HQ MAG | Dog | Human | Other animals | Closest 16S | Main host |
Blautia_A sp900541345 | 35 | 1 | 0 | Human gut | Dog |
Phascolarctobacterium sp900544885 | 12 | 1 | 0 | Dog gut | Dog |
Prevotellamassilia sp900541335 | 7 | 1 | 0 | Wolves’ gut | Canids |
g__Succinivibrio | 1 | 0 | 0 | Wolves’ gut | Canids |
Catenibacterium sp000437715 | 27 | 691 | 2 | Human gut | Human, animal |
Enterococcus_B hirae | 1 | 35 | 3 | Multiple | Human, animal |
Blautia sp003287895 | 1 | 6 | 1 | Dog gut | Human, animal |
g__Sutterella | 0 | 1 | 0 | Multiple carnivora | Human, animal |
Finally, we performed a pangenome analysis among the HQ MAGs from our study and other genomes from the same bacterial species inhabiting different hosts to assess functional and genomic similarities (Additional File 7). We included only those in which more than 10 representative genomes were available: Blautia_A sp900541345 (Additional File 7A), Catenibacterium sp000437715 (Additional File 7B), Enterococcus_B hirae (Additional File 7C), Phascolarctobacterium sp900544885 (Additional File 7D). Based on the ANI values, the HQ MAGs clustered with dog MAGs for Blautia, with a human MAG for Phascolarctobacterium, and with MAGs from mixed host origins for Catenibacterium and Enterococcus hirae (Additional File 7). The number of gene clusters belonging to the accessory genome was the highest for Catenibacterium (84%) when compared to Enterococcus hirae (66%), Phascolarctobacterium sp900544885 (60%), and Blautia_A sp900541345 (50%). Altogether, these results coincide with the fact that Catenibacterium and Enterococcus hirae seem to be more broadly distributed among different hosts (Table 3).
Long reads provide genomic context and enable capturing mobilome functions and antimicrobial-resistant genes
Long-reads enable to retrieve complete genes and their genomic context within a single read. Therefore, both the mobile genetic elements and the antimicrobial resistance genes assemble easily within the correct MAG.
We compared each HQ MAG's functional potential to previously published MAGs from the same bacterial species found in GI microbiome of dogs, humans, or other animals (Fig. 5). The main difference between the long-read HQ MAGs and other genomes from the same species in the public database is the overrepresentation of the COG category corresponding to Mobilome, except for Blautia argii and Enterococcus hirae, both with a reference genome in the database (Fig. 5B).

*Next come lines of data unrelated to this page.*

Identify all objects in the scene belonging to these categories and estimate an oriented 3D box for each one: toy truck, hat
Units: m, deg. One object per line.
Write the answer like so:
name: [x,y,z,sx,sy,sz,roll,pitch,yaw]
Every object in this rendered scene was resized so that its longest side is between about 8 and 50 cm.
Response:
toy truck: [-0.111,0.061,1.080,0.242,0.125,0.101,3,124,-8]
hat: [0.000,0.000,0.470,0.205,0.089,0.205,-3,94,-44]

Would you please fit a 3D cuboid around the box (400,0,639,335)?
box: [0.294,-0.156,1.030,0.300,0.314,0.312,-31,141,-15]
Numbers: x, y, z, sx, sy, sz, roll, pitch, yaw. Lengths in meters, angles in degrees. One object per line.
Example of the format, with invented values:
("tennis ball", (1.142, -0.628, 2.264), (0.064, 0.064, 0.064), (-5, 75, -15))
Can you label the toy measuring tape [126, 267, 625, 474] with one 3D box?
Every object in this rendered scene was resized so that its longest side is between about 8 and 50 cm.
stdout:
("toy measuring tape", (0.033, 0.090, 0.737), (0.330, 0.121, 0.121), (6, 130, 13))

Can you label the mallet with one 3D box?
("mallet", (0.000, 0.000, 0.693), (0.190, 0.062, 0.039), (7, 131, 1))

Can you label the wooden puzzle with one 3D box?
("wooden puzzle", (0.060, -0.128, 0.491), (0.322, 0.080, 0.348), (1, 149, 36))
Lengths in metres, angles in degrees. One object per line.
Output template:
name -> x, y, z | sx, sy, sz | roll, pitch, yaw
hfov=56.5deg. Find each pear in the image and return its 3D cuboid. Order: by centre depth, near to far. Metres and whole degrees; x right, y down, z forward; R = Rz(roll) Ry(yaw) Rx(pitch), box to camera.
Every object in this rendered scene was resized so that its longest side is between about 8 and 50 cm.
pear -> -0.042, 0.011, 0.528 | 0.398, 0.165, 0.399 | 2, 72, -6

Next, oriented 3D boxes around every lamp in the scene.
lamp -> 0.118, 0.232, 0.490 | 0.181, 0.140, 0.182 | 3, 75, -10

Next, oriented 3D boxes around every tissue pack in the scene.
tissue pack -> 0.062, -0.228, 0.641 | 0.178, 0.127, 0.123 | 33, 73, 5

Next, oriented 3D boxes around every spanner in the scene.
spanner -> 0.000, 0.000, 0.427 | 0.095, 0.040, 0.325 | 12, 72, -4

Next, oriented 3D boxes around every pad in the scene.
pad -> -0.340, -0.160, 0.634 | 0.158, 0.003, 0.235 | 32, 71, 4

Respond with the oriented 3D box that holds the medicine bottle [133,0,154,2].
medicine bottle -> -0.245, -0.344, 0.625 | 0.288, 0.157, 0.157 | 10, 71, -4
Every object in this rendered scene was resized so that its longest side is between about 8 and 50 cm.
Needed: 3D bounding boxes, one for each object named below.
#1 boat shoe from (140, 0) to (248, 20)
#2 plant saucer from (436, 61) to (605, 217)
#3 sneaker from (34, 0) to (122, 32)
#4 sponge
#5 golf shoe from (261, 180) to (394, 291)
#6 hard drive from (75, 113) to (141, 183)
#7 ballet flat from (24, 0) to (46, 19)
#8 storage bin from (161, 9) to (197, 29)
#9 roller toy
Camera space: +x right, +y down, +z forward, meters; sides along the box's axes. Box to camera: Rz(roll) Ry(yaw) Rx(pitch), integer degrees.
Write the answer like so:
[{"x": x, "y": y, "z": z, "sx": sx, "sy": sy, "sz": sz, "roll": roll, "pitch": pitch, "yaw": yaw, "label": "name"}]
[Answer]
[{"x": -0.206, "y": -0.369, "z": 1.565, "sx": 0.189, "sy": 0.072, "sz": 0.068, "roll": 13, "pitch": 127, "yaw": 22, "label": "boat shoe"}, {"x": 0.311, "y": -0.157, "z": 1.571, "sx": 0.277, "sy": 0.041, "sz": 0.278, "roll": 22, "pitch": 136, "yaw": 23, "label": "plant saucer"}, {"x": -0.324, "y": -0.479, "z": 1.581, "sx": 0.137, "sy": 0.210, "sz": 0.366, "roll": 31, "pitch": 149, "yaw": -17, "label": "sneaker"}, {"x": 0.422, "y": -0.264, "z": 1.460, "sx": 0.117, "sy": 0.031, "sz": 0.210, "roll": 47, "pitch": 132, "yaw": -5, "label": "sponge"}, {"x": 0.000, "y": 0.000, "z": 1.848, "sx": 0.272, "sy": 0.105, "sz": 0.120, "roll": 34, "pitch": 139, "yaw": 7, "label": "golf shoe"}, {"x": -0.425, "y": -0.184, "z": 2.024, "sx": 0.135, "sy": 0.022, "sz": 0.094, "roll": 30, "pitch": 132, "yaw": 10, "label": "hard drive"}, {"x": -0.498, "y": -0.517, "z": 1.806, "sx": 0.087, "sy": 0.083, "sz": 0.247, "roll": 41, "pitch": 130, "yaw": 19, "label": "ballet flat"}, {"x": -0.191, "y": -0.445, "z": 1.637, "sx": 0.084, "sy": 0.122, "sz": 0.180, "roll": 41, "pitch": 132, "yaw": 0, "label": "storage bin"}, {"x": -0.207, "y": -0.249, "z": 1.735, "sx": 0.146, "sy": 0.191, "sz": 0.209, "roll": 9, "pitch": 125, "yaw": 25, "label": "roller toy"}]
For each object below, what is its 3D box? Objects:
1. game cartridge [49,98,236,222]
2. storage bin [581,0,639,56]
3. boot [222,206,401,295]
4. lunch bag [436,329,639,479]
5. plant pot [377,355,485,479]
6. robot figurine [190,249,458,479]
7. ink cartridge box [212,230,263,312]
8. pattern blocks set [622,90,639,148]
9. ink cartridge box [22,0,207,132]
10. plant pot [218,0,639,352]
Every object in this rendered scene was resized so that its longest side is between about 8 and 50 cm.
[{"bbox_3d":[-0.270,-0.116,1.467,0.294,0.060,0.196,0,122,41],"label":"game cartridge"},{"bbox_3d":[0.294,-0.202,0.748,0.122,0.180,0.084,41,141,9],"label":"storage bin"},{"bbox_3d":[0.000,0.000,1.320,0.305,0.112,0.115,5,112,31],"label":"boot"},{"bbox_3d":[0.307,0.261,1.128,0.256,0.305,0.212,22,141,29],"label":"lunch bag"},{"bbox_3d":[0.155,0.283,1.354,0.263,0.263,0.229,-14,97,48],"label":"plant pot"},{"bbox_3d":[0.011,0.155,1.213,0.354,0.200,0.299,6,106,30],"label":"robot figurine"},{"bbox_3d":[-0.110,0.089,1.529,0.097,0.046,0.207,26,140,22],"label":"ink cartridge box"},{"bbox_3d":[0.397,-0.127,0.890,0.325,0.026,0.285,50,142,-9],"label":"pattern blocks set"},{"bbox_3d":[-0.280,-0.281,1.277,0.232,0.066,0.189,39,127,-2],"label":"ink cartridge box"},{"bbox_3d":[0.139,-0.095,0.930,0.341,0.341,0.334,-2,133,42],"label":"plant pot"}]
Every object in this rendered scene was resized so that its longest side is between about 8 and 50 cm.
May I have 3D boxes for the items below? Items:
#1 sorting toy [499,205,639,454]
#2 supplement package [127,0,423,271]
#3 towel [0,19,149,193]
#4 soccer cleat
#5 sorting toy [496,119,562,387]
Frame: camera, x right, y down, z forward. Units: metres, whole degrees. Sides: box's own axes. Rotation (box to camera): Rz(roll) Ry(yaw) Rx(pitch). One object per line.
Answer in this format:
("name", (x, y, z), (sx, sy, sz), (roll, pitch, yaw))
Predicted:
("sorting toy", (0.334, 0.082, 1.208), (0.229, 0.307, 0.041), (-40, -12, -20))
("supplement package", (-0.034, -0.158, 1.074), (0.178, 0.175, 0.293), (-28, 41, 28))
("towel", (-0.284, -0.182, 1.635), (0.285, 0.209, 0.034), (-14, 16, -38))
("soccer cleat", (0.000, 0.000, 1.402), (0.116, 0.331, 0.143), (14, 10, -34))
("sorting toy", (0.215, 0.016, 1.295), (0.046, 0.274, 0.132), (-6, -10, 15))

Conversely to the MAGs from both UHGG and the animal gut metagenome catalogs obtained using exclusively short reads, the long-read metagenomic approach can retrieve mobile genetic elements and assemble them to the proper contig.
Finally, we further characterized the HQ MAGs to assess their potential antimicrobial resistance. Tetracycline resistance genes were detected in Enterococcus hirae (tetM gene), Catenibacterium sp000437715 (tetM gene), Blautia sp900541345 (tet(O) gene), and Blautia sp003287895 (tet(32) and tet(40) genes). Moreover, Enterococcus hirae also harbored aac(6')-Iid gene conferring resistance to aminoglycosides. Prevotellamassilia HQ MAG harbored Mef(En2) gene, which encodes for an efflux pump that exports macrolides. Phascolarctobacterium HQ MAG harbored two copies of lnu(C) gene conferring resistance to lincosamide. Each lnu(C) gene was located in an ISSag10 mobile element, allowing it to transpose. Succinivibrio and Sutterella HQ MAGs did not contain any antimicrobial resistance genes.
As an example of the potential of long-reads for providing genomic context, we were able to identify that tetM gene in Enterococcus hirae was in a region identified as a conjugative element (Tn916) integrated into the chromosome. This region encoded for a transposase, type 4 secretion system (T4SS), type 4 coupling protein, oriT, and relaxase (Additional File 8).